Der Vorgang stößt auf einigen Widerspruch in der Universität, am vernehmlichsten äußerten sich Wilhelm Hennis und evangelische Kreise der Stadt, vor allem wegen der Nachgiebigkeit der Universitätsspitze gegenüber der politischen Begründung der Umwidmung durch den Verleger/Herausgeber: Gerhard Ritter, schrieb die Zeitung, habe während des Nationalsozialismus zu den wenigen oppositionellen Freiburger Professoren gehört; "allerdings befürwortete der Nationalkonservative eine aristokratische Staatsform und sah die Schwäche der Weimarer Republik in einer überbordenden Demokratie", und das passe nun nicht zur Grundhaltung der Zeitung.

Der evangelische Prälat Gerd Schmoll schrieb der "Badischen Zeitung", es treffe zu, dass Gerhard Ritter ein "Nationalkonservativer" gewesen sei und seine Vorstellungen zu Staat und Gesellschaft mit heutigen Überzeugungen nicht einfach übereinstimmten. Aber das sei ein allzu unhistorisches Urteil über den Historiker Ritter, über den engagierten evangelischen Christen in der Gemeinde der Freiburger Christuskirche (dies war in der NS-Zeit die Gemeinde der Bekennenden Kirche) und über das Mitglied des mit Carl Friedrich Goerdeler verbundenen Widerstandskreises evangelischer Freiburger Professoren. Diesem Kreis gehörten auch Walter Eucken, Constantin von Dietze und Adolf Lampe an, die Kerngruppe des Freiburger Ordo-Liberalismus. Ritter, von Dietze und Lampe wurden nach dem 20. Juli 1944 wegen ihrer Verbindung zum Verschwörerkreis festgenommen und in das Gefängnis Berlin-Moabit eingeliefert. Sie kamen mit knapper Not davon.

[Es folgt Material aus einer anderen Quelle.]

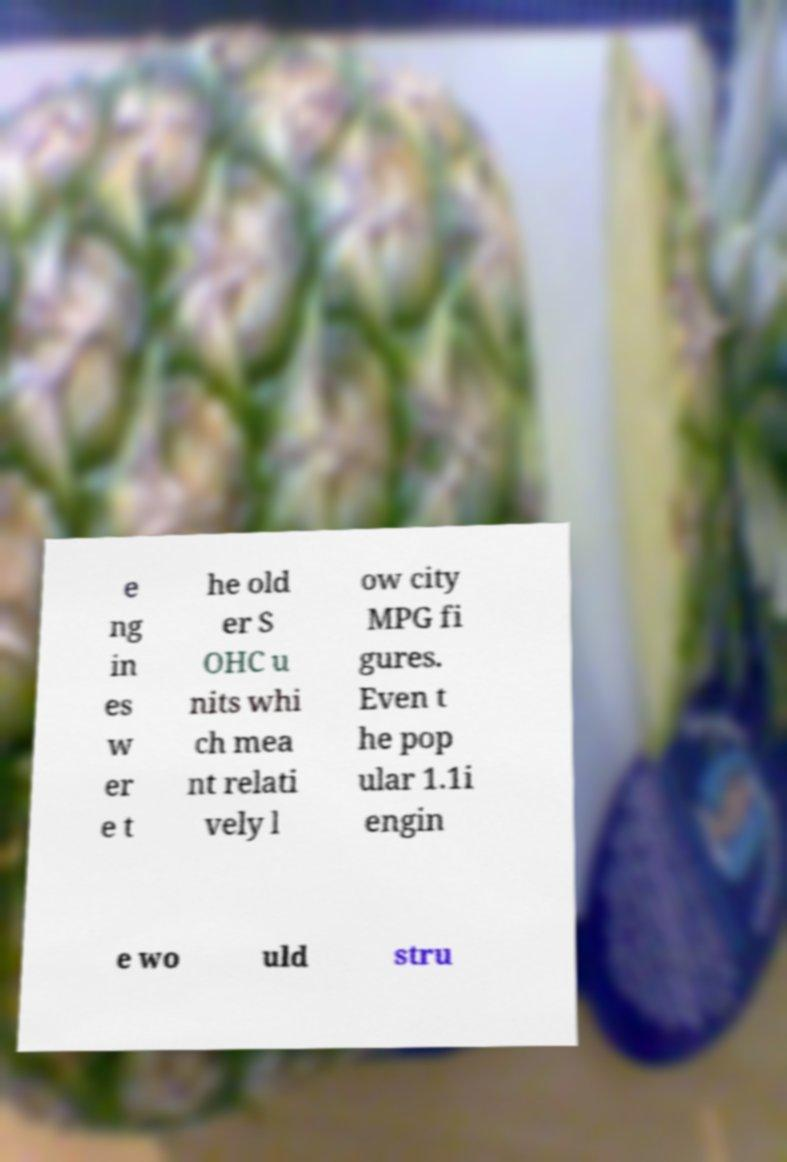Can you read and provide the text displayed in the image?This photo seems to have some interesting text. Can you extract and type it out for me? e ng in es w er e t he old er S OHC u nits whi ch mea nt relati vely l ow city MPG fi gures. Even t he pop ular 1.1i engin e wo uld stru 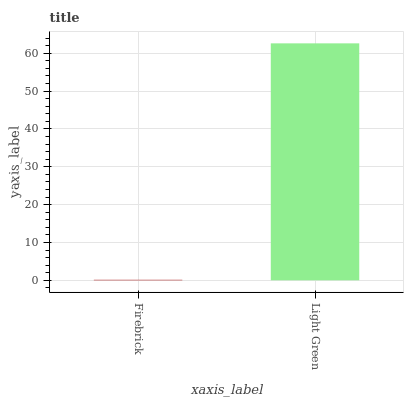Is Light Green the minimum?
Answer yes or no. No. Is Light Green greater than Firebrick?
Answer yes or no. Yes. Is Firebrick less than Light Green?
Answer yes or no. Yes. Is Firebrick greater than Light Green?
Answer yes or no. No. Is Light Green less than Firebrick?
Answer yes or no. No. Is Light Green the high median?
Answer yes or no. Yes. Is Firebrick the low median?
Answer yes or no. Yes. Is Firebrick the high median?
Answer yes or no. No. Is Light Green the low median?
Answer yes or no. No. 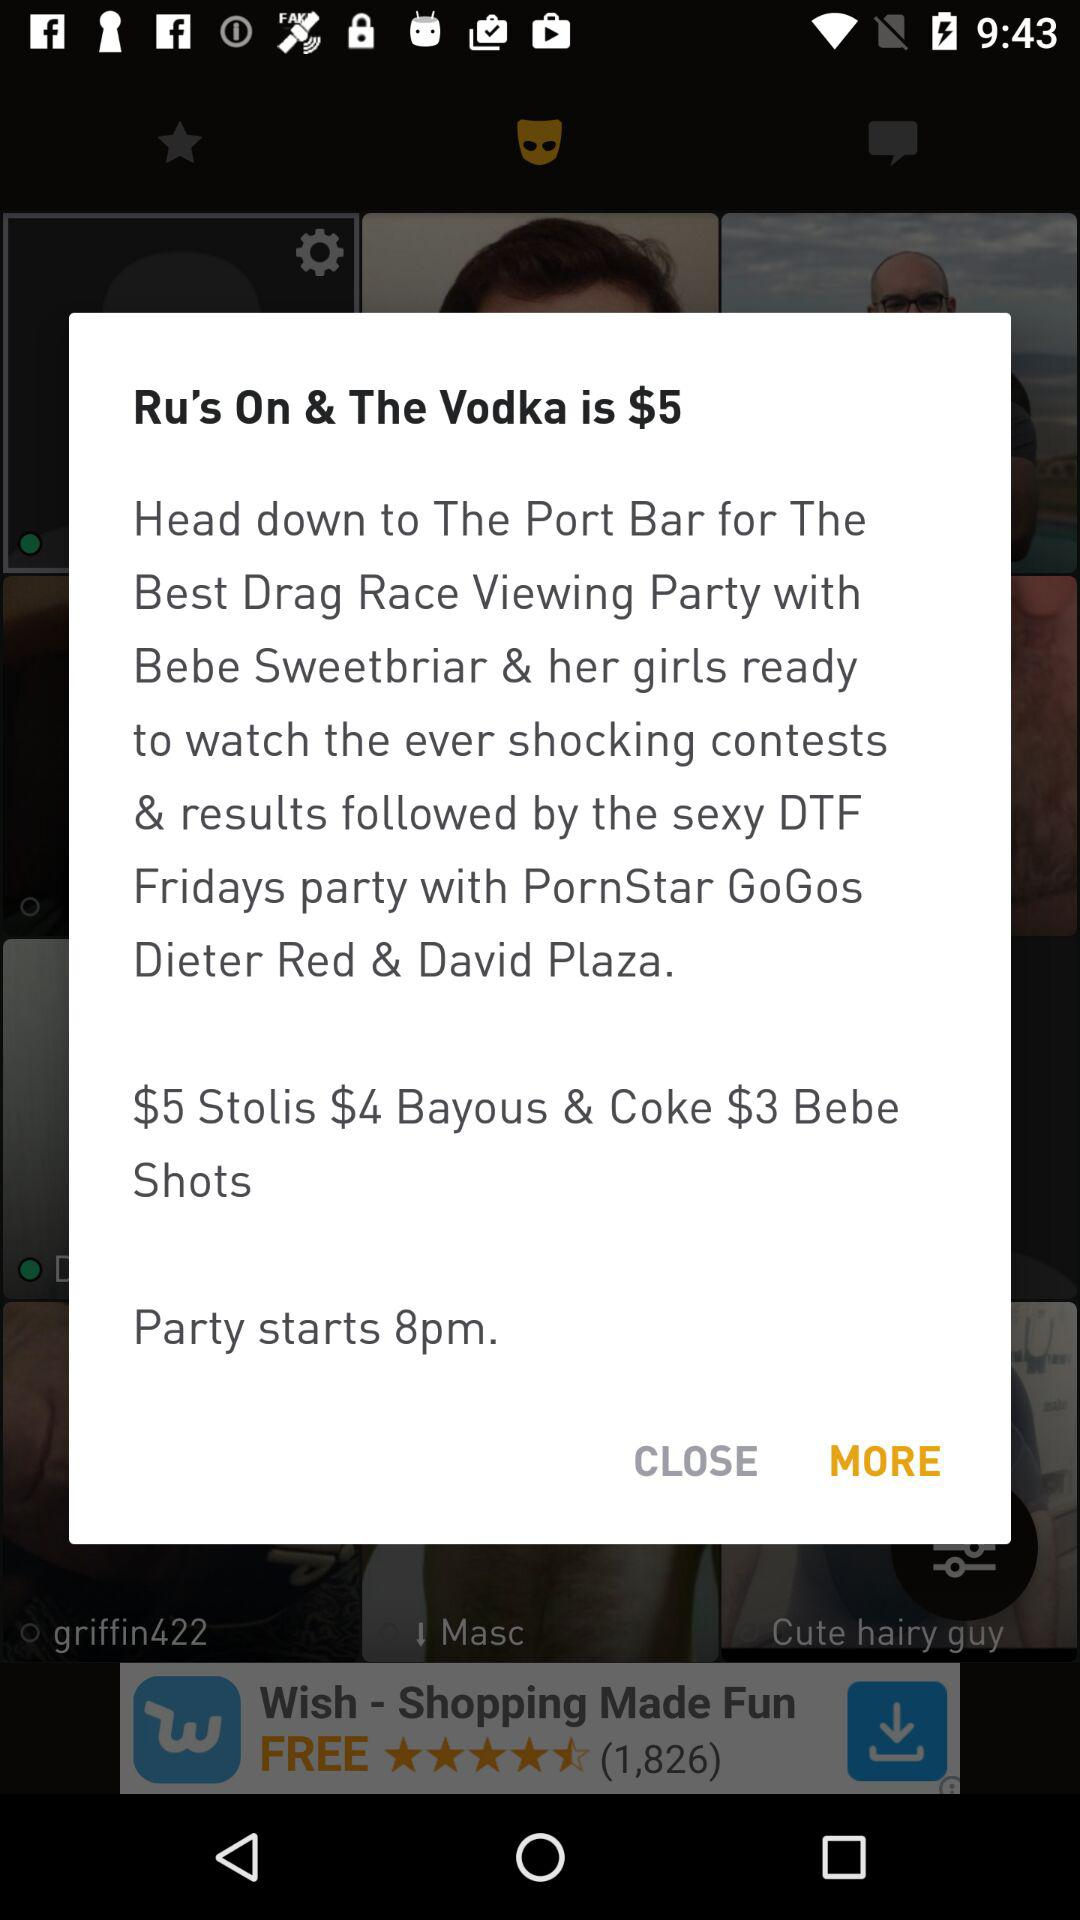What is the price of Stolis? The price of Stolis is $5.

Im Jahr 1954 veröffentlichte Ritter seine Biographie Goerdelers, eine Pionierarbeit der deutschen Widerstandsforschung. In vier umfangreichen Bänden unter dem Titel "Staatskunst und Kriegshandwerk" legte er Untersuchungen zum Problem des preußisch-deutschen "Militarismus" vor, mit denen er seinen Beitrag zur kritischen Revision des deutschen Geschichtsbildes leistete.

Ähnlich wie Schmoll haben sich auch der ehemalige Propst der Evangelischen Kirche in Israel und in den von Israel besetzten Gebieten der Palästinenser, Karl-Heinz Ronecker, und mit ihm mehr als dreißig Angehörige des Seniorenpfarrkonvents des Freiburger Kirchenbezirks an den Herausgeber der "Badischen Zeitung" und den bisherigen Rektor der Universität, Jäger, gewandt. "Soll nun auch noch", fragt man, "die Erinnerung an Gerhard Ritter ausgelöscht werden, weil er unseren gegenwärtigen Vorstellungen von Demokratie nicht entspricht? Wer von den Frauen und Männern des 20. Juli könnte dann noch, an diesem Maßstab gemessen, bestehen?" Mit diesem Einwand macht Ronecker ebenso zurückhaltend wie treffend auf die Armseligkeit einer in Deutschland um sich greifenden Art der "Vergangenheitsbewältigung" mittels allgemeiner Mitläufer-Verdächtigung aufmerksam, selbst gegenüber den entschiedensten Gegnern Hitlers. Die Verdächtiger bemerken nicht, dass sie selbst im Strom heutiger Verständnis- und Risikolosigkeit mitschwimmen.